Maybe it’s time to stop talking about the Johan Santana trade like it was a total steal

Look: Johan Santana is an awesome pitcher. I love watching Johan Santana pitch. I have thoroughly enjoyed all 600 innings — even the bad ones — he has thrown in a Mets uniform.

But every time someone pens a lamentation for the Omar Minaya Era, it is qualified with an aside about Minaya’s obtaining Santana for “pennies on the dollar,” or something to that effect. (Jonah Keri’s otherwise strong writeup of the Mets’ ownership situation at Fangraphs is only the most recent example.) And I can’t see how that’s really the case.

The four young players the Mets traded for Johan Santana have not amounted to much, and may never.

But the Mets didn’t exactly trade four young players for Santana; the Mets traded four young players for the exclusive right to sign Santana to a market-rate contract. Santana was the best pitcher in the game when he was acquired, so that contract cost the Mets a lot of money.

To date, they’ve paid him $60 million. Fangraphs estimates he has been worth a little over $47 million in that time, but whatever. You pay a premium for top talent. Let’s say he has been worth it for these first three years.

On Opening Day of 2011, Santana will be 32 years old and on the disabled list recovering from shoulder surgery. And the Mets will owe him $77.5 million over the next three seasons. $77.5 million, with no guarantee he’ll ever be anything like the pitcher that dominated the National League in 2008. Will the exclusive right to give him that contract back in 2008 still seem so valuable by 2012? 2013?

And you can say: Oh but how could anyone have predicted an arm injury? Pretty easily, actually: He’s a pitcher. Pitchers get hurt, like, constantly. That’s why massive deals for free-agent pitchers tend to be bad ideas.

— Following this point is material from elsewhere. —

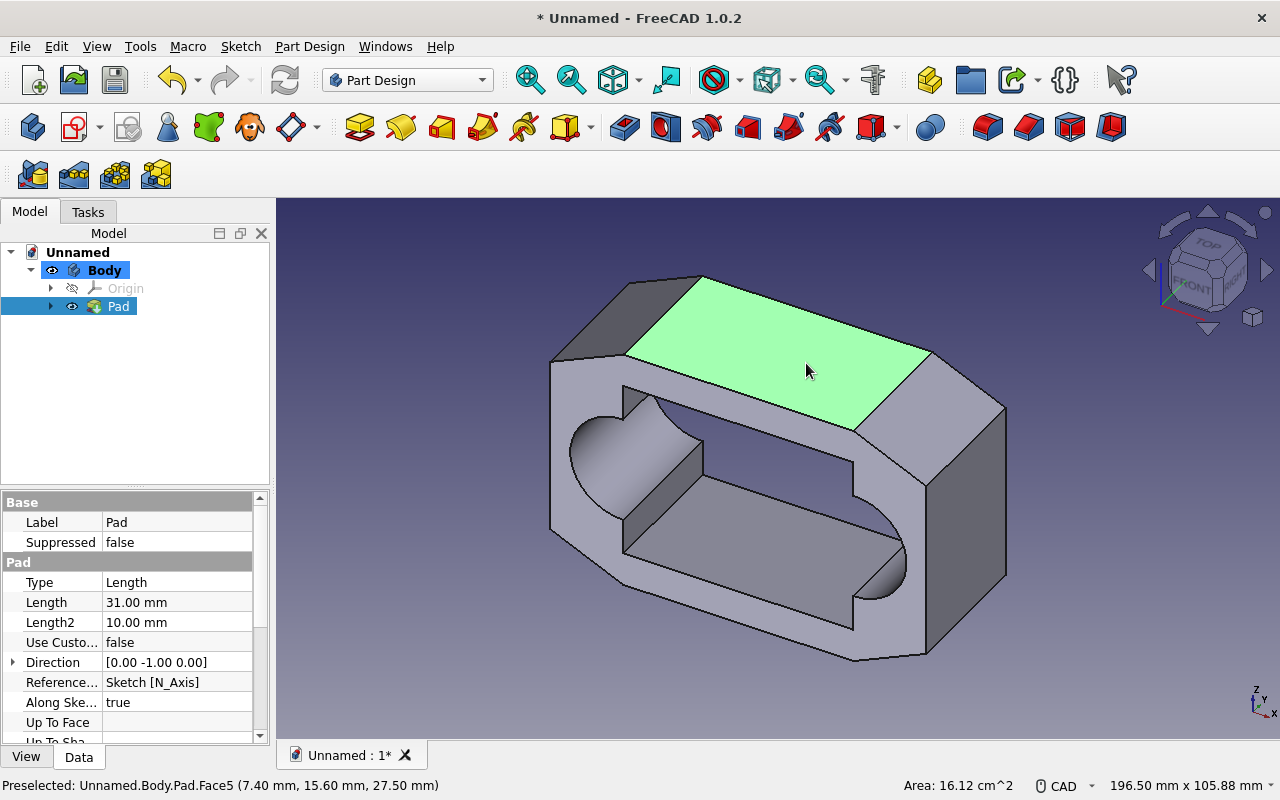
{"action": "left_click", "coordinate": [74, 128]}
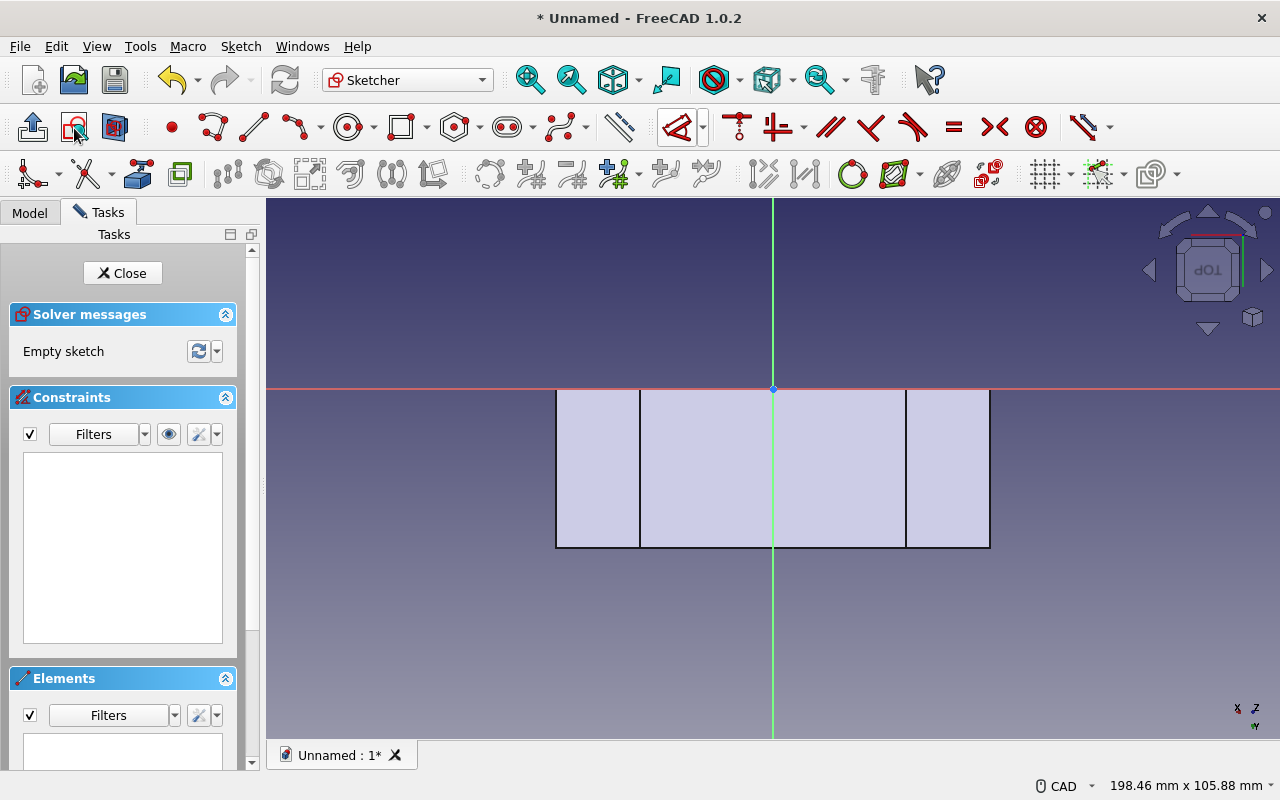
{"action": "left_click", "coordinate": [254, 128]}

So while Santana has given the Mets more than the combined value of the four players they traded to the Twins, he is at this point unlikely to provide them anything like a full return on the resources they’ve invested in him. The deal seemed necessary at the time, with the Mets desperate for starting pitching and coming off the 2007 collapse, so this is not to say Minaya shouldn’t have executed it in the first place. But it’s probably time to stop talking about it like it was a total steal, since Santana’s contract seems likely to prove an albatross moving forward.

James Franco can teach you about James Franco

Sidd passes along the news that James Franco will be teaching a class called “Editing James Franco… with James Franco.” The idea is that students have to edit together a 30-minute documentary about James Franco using footage of James Franco provided by James Franco. But then the classes are also being taped to be used in the documentary so the final product is not just a documentary about James Franco but a documentary about James Franco teaching people to make a documentary about James Franco. Crazy meta.